さらに貸金業法が改正されてからは、クレジットカード会社も利益が下がっているという現状があるので、カード会社にとって利用金額の大きい法人カードは個人カードに比べると魅力があります。
そうした背景もあって個人事業主にとっては法人カードの審査難易度はそれほど高くありません。

ただし個人信用情報機関に事故歴があったり、他社で未払いがあったりといった場合は、法人カードだけでなく個人カードでも審査は通過しないので注意しましょう。

赤字や事業開始間もない場合の審査

同じ個人事業主でも開業したばかりと、業歴5年以上では収入の安定性に大きな違いがあります。
また、赤字決算の場合は返済能力にも不安があります。

しかし法人カードの中には確定申告書などの提出が不要な法人カードや、開業間もない場合でも申し込み可能な法人カードがあります。
個人事業主の審査基準は、ほぼ個人カードと同じなので、過去のクレジット利用歴(クレヒス)が良好であれば、返済能力があることを十分に証明できるので審査が通過しやすくなります。

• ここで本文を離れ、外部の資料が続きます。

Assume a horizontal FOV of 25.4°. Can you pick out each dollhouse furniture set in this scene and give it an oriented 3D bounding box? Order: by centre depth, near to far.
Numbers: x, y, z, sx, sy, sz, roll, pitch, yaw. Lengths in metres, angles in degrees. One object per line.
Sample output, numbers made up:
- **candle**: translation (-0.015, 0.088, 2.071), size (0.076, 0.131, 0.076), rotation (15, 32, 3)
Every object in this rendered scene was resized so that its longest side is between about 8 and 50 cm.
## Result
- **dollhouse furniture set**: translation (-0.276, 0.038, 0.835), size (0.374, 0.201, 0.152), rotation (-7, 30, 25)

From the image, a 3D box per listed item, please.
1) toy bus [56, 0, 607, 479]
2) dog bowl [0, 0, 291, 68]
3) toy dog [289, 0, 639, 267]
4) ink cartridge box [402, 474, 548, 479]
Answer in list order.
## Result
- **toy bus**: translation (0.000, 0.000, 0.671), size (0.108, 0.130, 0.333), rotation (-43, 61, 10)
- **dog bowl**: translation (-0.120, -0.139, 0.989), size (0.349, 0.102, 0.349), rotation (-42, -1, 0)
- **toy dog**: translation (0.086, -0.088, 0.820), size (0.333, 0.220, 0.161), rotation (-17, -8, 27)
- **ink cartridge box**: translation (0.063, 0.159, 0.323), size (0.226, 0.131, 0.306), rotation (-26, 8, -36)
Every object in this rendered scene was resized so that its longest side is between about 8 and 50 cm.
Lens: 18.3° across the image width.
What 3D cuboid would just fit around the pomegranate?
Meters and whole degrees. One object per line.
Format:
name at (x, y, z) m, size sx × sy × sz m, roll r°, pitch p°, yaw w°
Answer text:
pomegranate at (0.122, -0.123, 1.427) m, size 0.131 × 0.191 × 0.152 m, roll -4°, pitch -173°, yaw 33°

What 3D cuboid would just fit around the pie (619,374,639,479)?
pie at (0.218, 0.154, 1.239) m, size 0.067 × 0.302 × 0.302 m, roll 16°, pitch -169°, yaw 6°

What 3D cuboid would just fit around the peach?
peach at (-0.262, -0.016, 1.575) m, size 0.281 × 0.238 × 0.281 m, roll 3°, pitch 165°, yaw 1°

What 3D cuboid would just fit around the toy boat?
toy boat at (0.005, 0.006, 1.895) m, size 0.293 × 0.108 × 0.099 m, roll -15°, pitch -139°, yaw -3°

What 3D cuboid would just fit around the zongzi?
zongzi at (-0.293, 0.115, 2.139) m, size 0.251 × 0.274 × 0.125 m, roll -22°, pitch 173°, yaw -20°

赤字決算や開業間もない場合でもクレヒスに問題がなければ、積極的に申し込みをしてみましょう。
また、直近の決算が赤字でも一時的な赤字であることがわかる書類を提出することも審査の通過には効果的です。

それでも審査落ちした場合は、個人としてのクレヒスを作ってから再度申し込みしましょう。
個人信用情報機関には6ヶ月以内の申し込み情報が記録されているので、少なくても6ヶ月以上経過してから申し込みする必要があります。
6ヶ月以上経過することで業歴も長くなるというメリットもあります。

また、連絡先の電話番号は携帯電話ではなく固定電話にすることで信用度を高めることができます。
特にフリーランスで自宅が事務所兼用で、連絡先が携帯電話ではクレジットカード会社も不安に感じてしまいます。

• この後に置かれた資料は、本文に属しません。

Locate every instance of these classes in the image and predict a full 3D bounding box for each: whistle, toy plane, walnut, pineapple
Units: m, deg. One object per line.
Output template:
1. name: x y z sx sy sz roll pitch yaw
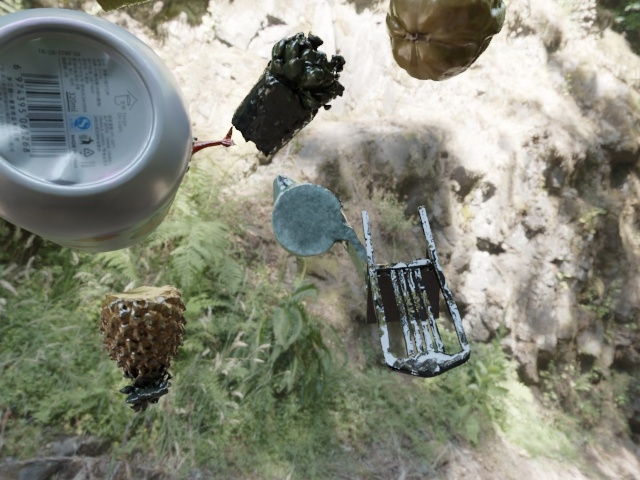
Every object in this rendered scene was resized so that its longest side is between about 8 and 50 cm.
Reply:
1. whistle: 0.027 -0.018 1.182 0.404 0.189 0.168 26 -6 -4
2. toy plane: -0.237 -0.162 0.785 0.077 0.126 0.194 47 23 25
3. walnut: 0.339 -0.602 1.163 0.305 0.344 0.306 26 -36 21
4. pineapple: -0.468 0.307 1.162 0.222 0.358 0.223 1 6 0

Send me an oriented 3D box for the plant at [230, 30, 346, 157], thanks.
1. plant: -0.036 -0.168 0.503 0.094 0.143 0.092 38 15 -13

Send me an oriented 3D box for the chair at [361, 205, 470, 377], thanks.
1. chair: 0.089 0.068 0.450 0.084 0.213 0.102 -6 -47 3

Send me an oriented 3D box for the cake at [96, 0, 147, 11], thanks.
1. cake: -0.498 -0.676 1.000 0.156 0.179 0.261 -21 -26 -5

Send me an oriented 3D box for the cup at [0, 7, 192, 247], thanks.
1. cup: -0.263 -0.097 0.487 0.212 0.213 0.317 18 -10 -21
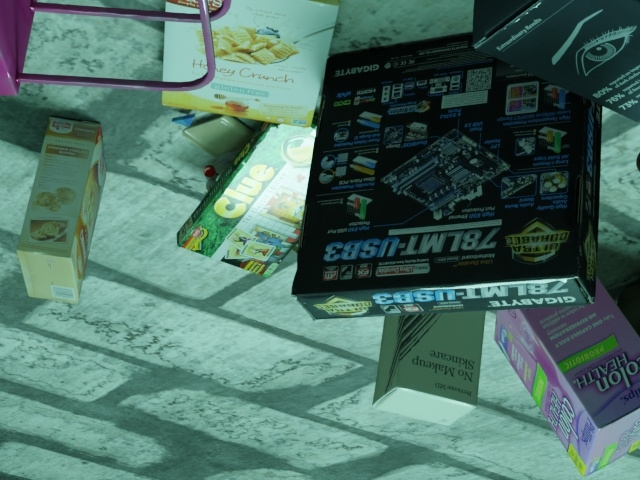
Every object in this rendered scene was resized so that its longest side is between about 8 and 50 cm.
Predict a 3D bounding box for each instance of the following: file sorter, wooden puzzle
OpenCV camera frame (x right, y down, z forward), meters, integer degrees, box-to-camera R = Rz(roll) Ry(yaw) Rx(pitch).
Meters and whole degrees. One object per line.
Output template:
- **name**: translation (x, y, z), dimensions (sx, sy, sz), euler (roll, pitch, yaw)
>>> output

固定電話は住所地に設置され居住の安定性を示すことにもなるので、固定電話は導入しておきましょう。
最近では初期費用3,000円程度で加入電話が設置できるので、費用もそれほどかかりません。

まとめ

法人カードは個人事業主にも大きなメリットがあります。
小規模の事業ほど経理担当者を雇う余裕はありませんが、法人カードを導入することで経費処理を楽にすることができます。

また、個人カードと比べると経費をすべてカード決済にするだけで、年間の利用金額が大きくなりポイントも貯まりやすくなります。

これも経費の節減に直接役立つので、個人事業主ほど法人カードの導入を検討しましょう。